A second important sign of change came through the universities' continuing educators meeting as the Tri-University Committee, many of whose members subsequently played important roles in OLI's history. The Committee spent the early 1970s lobbying for creation of a new provincial agency that would offer an eclectic general degree on behalf of the three universities, so that part-time students could complete a degree and new educational opportunities would open up for adults (Jeffels, 1972).6 The Committee pointed to changing patterns of study, as more people were reluctant to commit a block of years to continuous study straight after school and the growth rate of undergraduate full-time enrolment slowed down. Meanwhile, the colleges, especially those in non-metropolitan areas, were graduating two-year academic program students who wished to complete undergraduate degrees without the prohibitive cost or dislocation of full-time study. Educational technologies were now too expensive to duplicate at all facilities and would be more wisely shared. However, adult students seeking to complete degrees faced multiple obstacles. The concept of institutional "ownership" of a student made inter-university movement almost impossible and severely limited inter-university credit transfer. Institutional policies on mature students, admissions, residential requirements, degree structures, and timetables differed. Evening and off-campus offerings were unpredictable and students had no assurance that they would be able to complete their chosen programs. Non-metropolitan residents had virtually no opportunity for completing the third and fourth years of a degree through any coherent program unless they were willing and able to move to the city. However, the Tri-University Committee's imaginative proposal could not overcome universities' distaste for coordinated action and colleges' alarm at the prospect of a credit bank infringing on the range and flexibility of their own offerings, thereby threatening their still fragile viability.

Another premature proposal came in 1973 from John Ellis (later OLI's founding Principal) for creation of a "B.C.-style open university," adapted from the youthful British version. Ellis pointed to two central assumptions of the British Open University (BOU): that many people could benefit from higher education but were unable to attend a campus; and that it was possible to offer a high quality education away from a campus. Some progress had been made towards the former in B.C. He argued that the latter implied "profound instructional, social, and economic consequences" and that there must be a "goodness of fit" of an open university with its environment. What worked for the BOU would not necessarily work in B.C. Prophetically, Ellis added it would take external governmental pressure to force the changes that would be needed in and among the universities (Ellis, 1973).
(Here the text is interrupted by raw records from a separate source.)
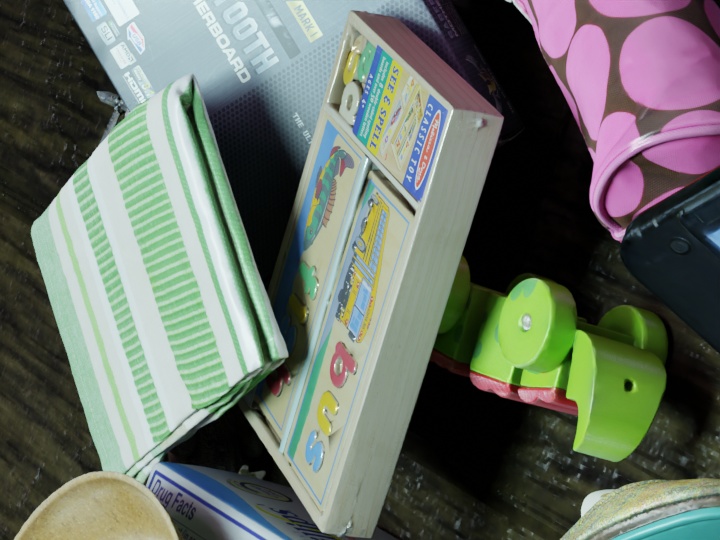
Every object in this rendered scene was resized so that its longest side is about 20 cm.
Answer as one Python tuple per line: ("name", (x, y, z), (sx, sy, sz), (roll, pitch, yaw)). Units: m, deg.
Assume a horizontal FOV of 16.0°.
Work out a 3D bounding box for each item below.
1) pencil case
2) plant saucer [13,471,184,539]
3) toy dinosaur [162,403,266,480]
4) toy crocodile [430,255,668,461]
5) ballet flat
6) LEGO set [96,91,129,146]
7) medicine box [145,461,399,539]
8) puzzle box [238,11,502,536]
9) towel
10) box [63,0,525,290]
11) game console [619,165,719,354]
("pencil case", (0.109, -0.098, 1.094), (0.094, 0.091, 0.201), (-42, 44, 25))
("plant saucer", (-0.120, 0.193, 1.162), (0.200, 0.035, 0.201), (-27, 54, 46))
("toy dinosaur", (-0.078, 0.118, 1.314), (0.102, 0.076, 0.201), (113, 150, -66))
("toy crocodile", (0.069, 0.032, 1.112), (0.200, 0.067, 0.062), (21, 94, 58))
("ballet flat", (0.094, 0.129, 1.039), (0.200, 0.070, 0.071), (-49, 39, 34))
("LEGO set", (-0.091, -0.036, 1.345), (0.200, 0.115, 0.155), (16, 90, 59))
("medicine box", (-0.046, 0.212, 1.176), (0.182, 0.103, 0.201), (22, 94, 58))
("puzzle box", (0.000, 0.000, 1.134), (0.133, 0.025, 0.201), (49, 126, 59))
("towel", (-0.100, 0.010, 1.226), (0.200, 0.023, 0.153), (-41, 65, 57))
("box", (-0.039, -0.110, 1.215), (0.157, 0.051, 0.201), (-30, 92, 21))
("game console", (0.194, 0.038, 0.877), (0.200, 0.172, 0.119), (-32, 24, 46))
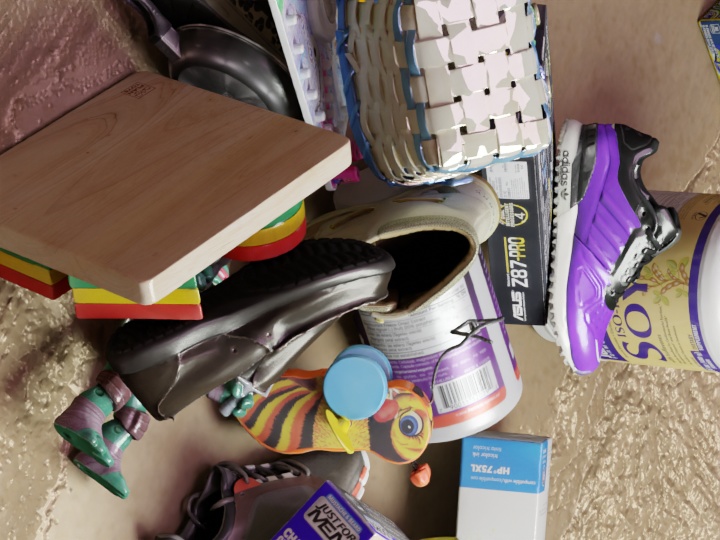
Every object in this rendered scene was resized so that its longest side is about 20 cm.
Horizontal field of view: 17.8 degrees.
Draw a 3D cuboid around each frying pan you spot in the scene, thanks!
[{"bbox_3d":[-0.109,-0.152,1.586,0.190,0.114,0.031,49,57,-36],"label":"frying pan"}]

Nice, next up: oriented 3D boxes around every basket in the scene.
[{"bbox_3d":[0.051,-0.139,1.593,0.138,0.200,0.178,-15,104,-21],"label":"basket"}]

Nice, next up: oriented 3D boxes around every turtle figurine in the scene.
[{"bbox_3d":[-0.129,0.054,1.590,0.200,0.100,0.150,-53,141,-18],"label":"turtle figurine"}]

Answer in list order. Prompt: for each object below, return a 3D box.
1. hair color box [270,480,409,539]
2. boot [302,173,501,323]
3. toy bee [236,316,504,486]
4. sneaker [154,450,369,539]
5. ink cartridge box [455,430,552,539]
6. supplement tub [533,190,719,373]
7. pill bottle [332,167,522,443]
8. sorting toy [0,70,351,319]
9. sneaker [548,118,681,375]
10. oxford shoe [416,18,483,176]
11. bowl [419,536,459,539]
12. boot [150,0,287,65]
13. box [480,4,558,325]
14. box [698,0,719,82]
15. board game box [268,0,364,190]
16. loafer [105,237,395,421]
[{"bbox_3d":[-0.051,0.253,1.633,0.200,0.065,0.109,-48,147,2],"label":"hair color box"},{"bbox_3d":[0.000,0.000,1.617,0.072,0.199,0.155,65,14,-10],"label":"boot"},{"bbox_3d":[0.009,0.109,1.671,0.131,0.199,0.110,-20,98,-62],"label":"toy bee"},{"bbox_3d":[-0.071,0.168,1.679,0.200,0.077,0.082,-40,113,-37],"label":"sneaker"},{"bbox_3d":[0.111,0.232,1.835,0.116,0.067,0.202,14,81,-81],"label":"ink cartridge box"},{"bbox_3d":[0.247,0.007,1.893,0.145,0.199,0.147,-7,99,-50],"label":"supplement tub"},{"bbox_3d":[0.047,0.021,1.760,0.111,0.111,0.201,-36,117,-38],"label":"pill bottle"},{"bbox_3d":[-0.139,-0.038,1.515,0.200,0.198,0.070,-36,133,-38],"label":"sorting toy"},{"bbox_3d":[0.201,-0.017,1.798,0.070,0.099,0.202,-17,109,-79],"label":"sneaker"},{"bbox_3d":[0.069,-0.144,1.816,0.075,0.058,0.202,5,74,-14],"label":"oxford shoe"},{"bbox_3d":[0.016,0.297,1.734,0.107,0.200,0.202,5,89,-2],"label":"bowl"},{"bbox_3d":[-0.056,-0.206,1.670,0.203,0.073,0.155,41,60,-43],"label":"boot"},{"bbox_3d":[0.126,-0.081,1.785,0.201,0.049,0.162,80,16,-50],"label":"box"},{"bbox_3d":[0.384,-0.164,2.126,0.070,0.064,0.201,-44,122,-34],"label":"box"},{"bbox_3d":[-0.023,-0.194,1.616,0.201,0.026,0.201,-81,161,-47],"label":"board game box"},{"bbox_3d":[-0.067,0.039,1.508,0.199,0.073,0.072,-21,113,-7],"label":"loafer"}]
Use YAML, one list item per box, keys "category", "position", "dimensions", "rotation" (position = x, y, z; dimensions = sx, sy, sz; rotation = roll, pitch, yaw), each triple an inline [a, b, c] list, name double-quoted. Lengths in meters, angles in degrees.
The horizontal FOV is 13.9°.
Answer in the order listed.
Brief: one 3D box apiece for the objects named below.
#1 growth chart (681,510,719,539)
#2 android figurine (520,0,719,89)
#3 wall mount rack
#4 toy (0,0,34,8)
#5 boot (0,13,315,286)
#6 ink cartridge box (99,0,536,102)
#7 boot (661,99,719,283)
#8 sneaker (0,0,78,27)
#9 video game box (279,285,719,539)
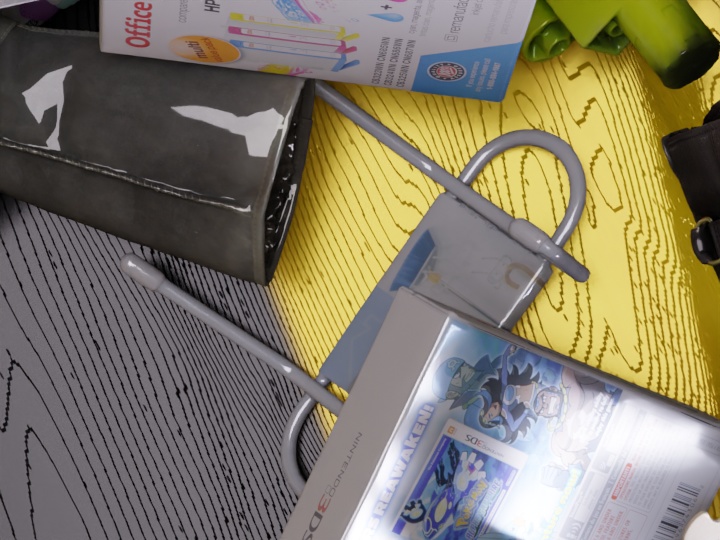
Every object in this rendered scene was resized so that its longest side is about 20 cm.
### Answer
- category: "growth chart"
  position: [0.176, 0.140, 1.173]
  dimensions: [0.200, 0.018, 0.145]
  rotation: [-22, 120, 7]
- category: "android figurine"
  position: [0.111, -0.180, 1.291]
  dimensions: [0.182, 0.041, 0.200]
  rotation: [-48, 60, 23]
- category: "wall mount rack"
  position: [0.000, 0.000, 1.316]
  dimensions: [0.174, 0.075, 0.200]
  rotation: [36, 91, 30]
- category: "toy"
  position: [-0.166, -0.164, 1.274]
  dimensions: [0.200, 0.047, 0.115]
  rotation: [-15, 84, -26]
- category: "boot"
  position: [-0.131, -0.033, 1.300]
  dimensions: [0.200, 0.073, 0.182]
  rotation: [16, 118, 1]
- category: "ink cartridge box"
  position: [-0.028, -0.159, 1.212]
  dimensions: [0.200, 0.129, 0.125]
  rotation: [6, 70, -3]
- category: "boot"
  position: [0.185, 0.006, 1.241]
  dimensions: [0.069, 0.200, 0.174]
  rotation: [-18, 93, -18]
- category: "sneaker"
  position: [-0.229, -0.165, 1.339]
  dimensions: [0.140, 0.078, 0.200]
  rotation: [-43, 84, 2]
- category: "video game box"
  position: [0.050, 0.127, 1.261]
  dimensions: [0.047, 0.182, 0.200]
  rotation: [30, 96, 51]
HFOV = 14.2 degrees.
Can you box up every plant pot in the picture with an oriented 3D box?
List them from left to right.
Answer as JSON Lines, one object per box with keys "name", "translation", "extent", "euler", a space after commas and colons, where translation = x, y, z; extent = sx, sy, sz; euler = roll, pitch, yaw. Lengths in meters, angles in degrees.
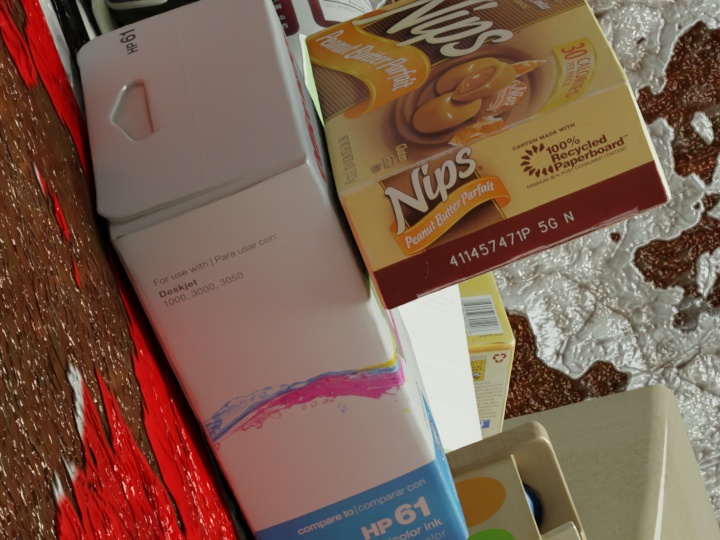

Another sign of change appeared in the college system when, in 1975, the NDP created four new colleges in more remote, less populated parts of the province. North Island College (NIC), based on Vancouver Island, chose an alternative route to conventional college teaching methods and, in so doing, laid claim to being B.C.'s first distance education or "open learning" institution. NIC completely decentralized its largely part-time educational delivery, using community learning centres in small population centres. It combined face-to-face teaching, individualized learning materials, mobile learning units, and, later, television and computers (Forsythe, 1979). It relied on tutor-facilitators (mostly part-time), who were selected for their breadth of teaching skills and knowledge rather than in-depth subject expertise. NIC's unorthodoxy drew criticism from some educational quarters, including those involved in creating OLI, but captured the imagination of several key Ministry figures.7

One may pause here to consider similar kinds of signs of change in our present environment that are shaping the third phase of distance education. In general terms, these trends include the rise in mid- career education, enabling workers and professionals to update or diversify their knowledge and skills without leaving work or home duties. Another is the growing interest in inter-institutional collaboration and establishment of extensive credit transfer systems and articulated pathways through credentials. A third, of course, is the increased accessibility and power of communications technologies. These trends suggest more flexible modes of teaching/learning, and more permeable forms of organizational structure and systems than ever before. They also imply shifts in relationships among higher distance education institutions, their educational peers, the state, and employers. The alarming trend towards greater external political control of higher and distance education became most noticeable in British Columbia, and elsewhere in Canada, in the mid-late 1970s.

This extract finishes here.